En la sala Z se proyecta la videoinstalación Cuerpo virtual en caja de Amazon Prime, que introduce la dimensión mental y espiritual del proyecto. En esta obra, una caja de embalaje, símbolo de la sociedad del consumo y del tránsito global de los deseos, pero también de afectos, necesidades, acciones, potencialidades, en definitiva todo tipo de posibilidades, se convierte en espacio de una voluntad creativa. En su interior se proyectan imágenes, tanto creadas por Granados como apropiadas de las redes y medios de comunicación de masas, transformadas por el artista en un territorio lumínico que pretende diluir los limites entre realidad y virtualidad.

Con esta pieza el artista redefine el concepto de espacio: la caja física alberga un espacio nacido de la voluntad, no de las tres dimensiones euclidianas. La proyección no habita Murcia, ni Efímera, ni la Tierra: habita un plano mental que trasciende las coordenadas del tiempo y del lugar. La caja, como el árbol, deviene arquitectura simbólica: una cámara de resonancia entre deseo, información y conciencia.

El paso del árbol material al cuerpo virtual no implica renunciar a lo natural, sino ampliarlo: de la tridimensionalidad física a las N dimensionesde la mente y del espíritu. Las imágenes en movimiento de Cuerpo virtual en caja de Amazon Prime son el correlato audiovisual del ciclo vital representado en las obras sobre papel. Si aquellas hablaban de raíz y rama, de alimento y propósito, esta videoinstalación explora la voluntad como nueva savia que circula entre mundos visibles e invisibles.

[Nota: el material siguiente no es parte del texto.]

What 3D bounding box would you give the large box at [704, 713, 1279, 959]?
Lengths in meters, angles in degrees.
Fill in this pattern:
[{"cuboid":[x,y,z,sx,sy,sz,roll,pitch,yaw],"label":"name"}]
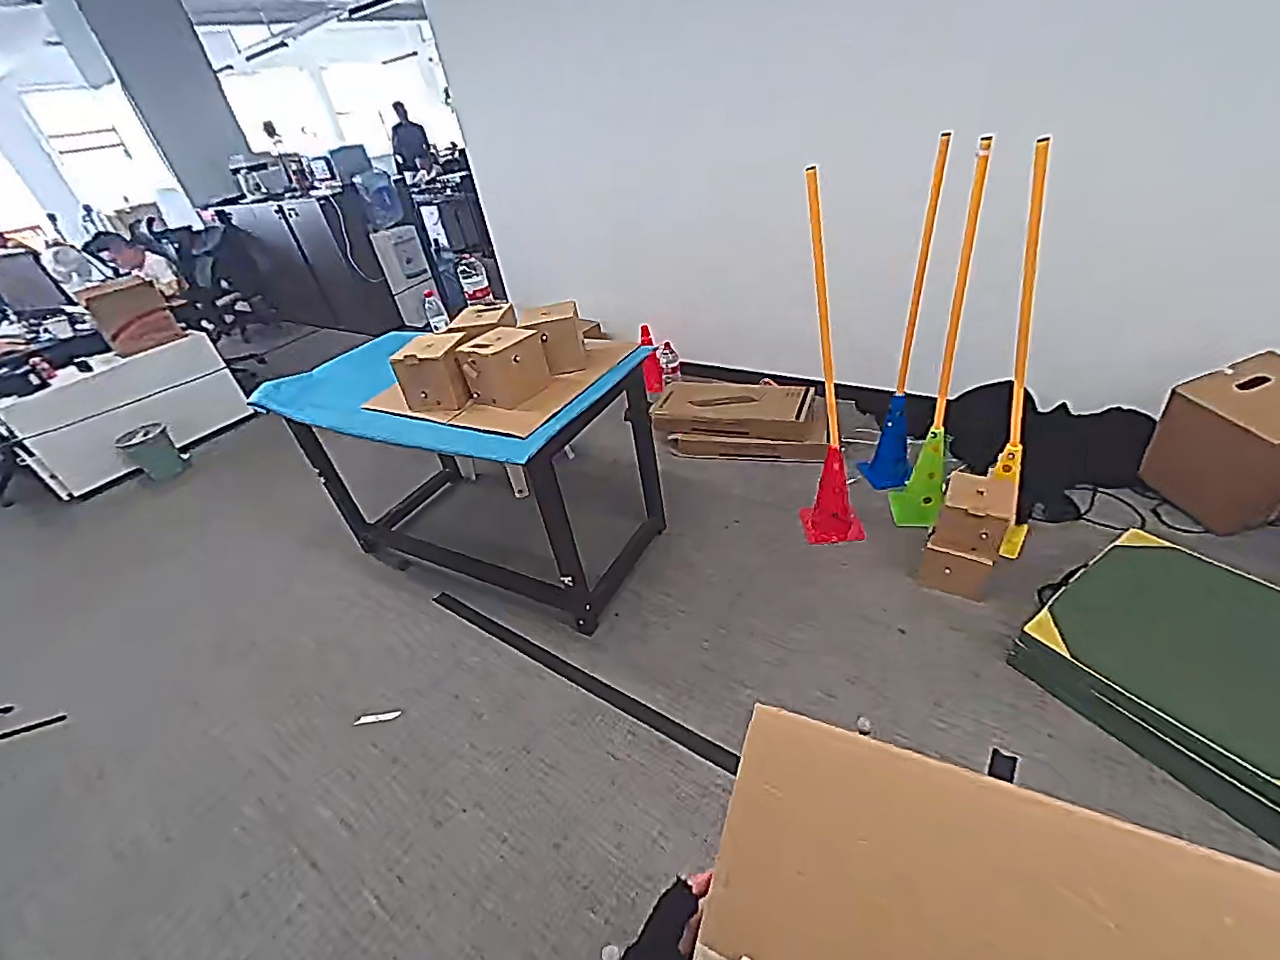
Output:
[{"cuboid":[0.267,0.394,0.376,0.408,0.320,0.320,9,68,28],"label":"large box"}]

Incorporar lo virtual en nuestra comprensión del mundo implica aceptar una nueva dimensión donde imaginación, intuición y espiritualidad dialogan como parte del mismo tejido vital. Algo que el arte lleva siglos realizando al tender puentes entre mundos dispares y encontrados ofreciendo al espectador una experiencia que no se limita a lo estético. A través del arte es posible adentrarse en zonas del pensamiento donde la razón lineal no alcanza, permitiendo intuir realidades complejas que la física cuántica apenas comienza a describir: la interconexión de todo lo existente, la simultaneidad de los planos, la existencia de una dimensión sutil más allá de la materia. Así, el arte no solo representa el mundo: lo amplía, lo traduce, y a menudo, lo anticipa, funcionando como vía de acceso a lo inefable, un lenguaje simbólico que acompaña al ser humano en su búsquela de sentido y en su deseo de habitar también lo invisible.